"Tout mouvement brutal serait dangereux" pour le Club Med. (Henri Giscard d'Estaing)

Le PDG de l'entreprise est sorti de son mutisme concernant la contre-OPA annoncée lundi par l'italien Andrea Bonomi. Pour lui, elle présente un inconvénient majeur : elle ferait passer le Club Med sous pavillon italien.
Henri Giscard d'Estaing a précisé ne viser que l'intérêt du Club. Ce n'est pas un sujet de personnes, a-t-il assuré. (Photo: Reuters)
Henri Giscard d'Estaing a précisé ne viser que "l'intérêt du Club". "Ce n'est pas un sujet de personnes", a-t-il assuré. (Photo: Reuters)

L'offre "non sollicitée" de l'italien Andrea Bonomi n'est pas non plus la bienvenue, selon le PDG du Club Med, qui est sorti de son mutisme vendredi. Dans une interview accordée au Figaro, Henri Giscard d'Estaing a mis en garde:

"Le Club Med est une entreprise fragile."

"Tout mouvement brutal, tout changement qui ne serait pas fondé sur une connaissance réelle et profonde du Club Med, de son activité et de ses valeurs, seraient dangereux pour lui", a-t-il insisté.

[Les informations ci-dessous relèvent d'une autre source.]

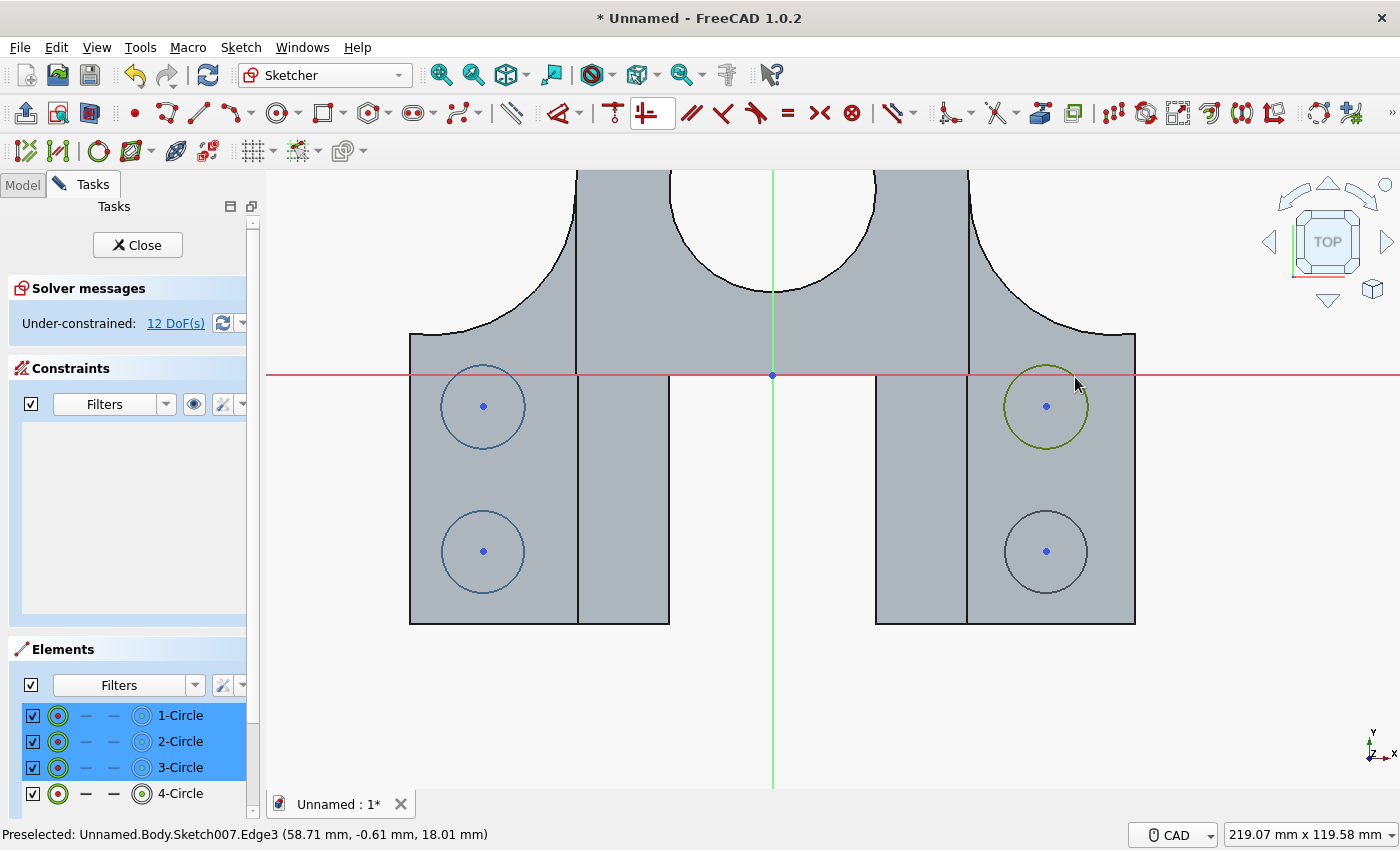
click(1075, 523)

Une préférence pour une majorité française

Annoncée lundi, la contre-OPA de Bonomi, qui propose un prix de 21 euros par action, renchérit sur l'offre amicale de 17,50 euros lancée en mai 2013 par Ardian et Fosun, actionnaires de Club Med depuis des années, et soutenue par 400 cadres du groupe. Selon Henri Giscard d'Estaing, elle présente un inconvénient majeur: elle ferait passer le Club Med sous pavillon italien, alors qu'avec l'option franco-chinoise, le groupe resterait à majorité français.

L'offre d'Ardian et Fosun repose "sur un strict équilibre, une parité entre un actionnaire français et un actionnaire chinois", a déclaré le PDG du Club Med. "Grâce à une participation du management et de quelque 400 cadres du Club Med, la majorité française dans le capital du Club est assurée. A l'inverse, Global Resorts (groupe Bonomi) a un plan très différent et veut prendre seul le contrôle du Club, qui serait dès lors exclusivement entre des mains internationales", a-t-il souligné.

Une attitude toujours "offensive" en France

Le patron a notamment défendu le poids de la France dans sa stratégie, basée sur l'internationalisation, nécessaire pour aller conquérir "les marchés qui seuls peuvent nous apporter la croissance, la Russie, le Brésil et surtout la Chine", mais aussi sur "le renforcement des marchés principaux, dont la France". Il a insisté:

"Nous voulons continuer d'avoir une attitude offensive en France. Nous l'avons récemment prouvé avec une campagne télé, la première depuis 10 ans, et la finalisation d'un investissement de 80 millions d'euros dans notre nouveau village de Val Thorens qui ouvrira en décembre avec plus de 200 créations d'emplois à la clé".

"L'ancrage français est à mes yeux nécessaire pour y conforter le Club Med", a-t-il plaidé.

Se priver d'un partenaire chinois: "une erreur colossale"

Il répondait par ces mots à Bonomi qui, en présentant son projet lundi devant la presse, avait critiqué les choix faits depuis une décennie sous Giscard d'Estaing, estimant que la France et la clientèle française étaient les oubliées de la montée en gamme et de l'internationalisation engagées.

Le PDG du Club Med a néanmoins exhorté à poursuivre le développement en Chine avec le conglomérat Fosun, "premier groupe privé en Chine", car "ce serait une erreur colossale de se priver de cet atout irremplaçable".

Deux offres soutenues par des perspectives inconciliables

Giscard d'Estaing a par ailleurs confessé avoir essayé en vain "de voir s'il était possible d'associer le groupe Bonomi au projet (...) construit avec Ardian et Fosun". Il a expliqué:

"Il y a trois semaines, en accord avec Ardian, j'ai organisé à Shanghaï une rencontre avec Andrea Bonomi et le président de Fosun, Guo Guangchang. Ils se sont ensuite revus tous les deux. Ces rendez-vous ont permis de constater combien les perspectives des uns et des autres sont différentes, à la fois sur le projet stratégique du Club Med et sur les principes".

Henri Giscard d'Estaing a précisé ne viser que "l'intérêt du Club":

"C'est "la seule chose qui me guide (...) Ce n'est pas un sujet de personnes", a-t-il assuré.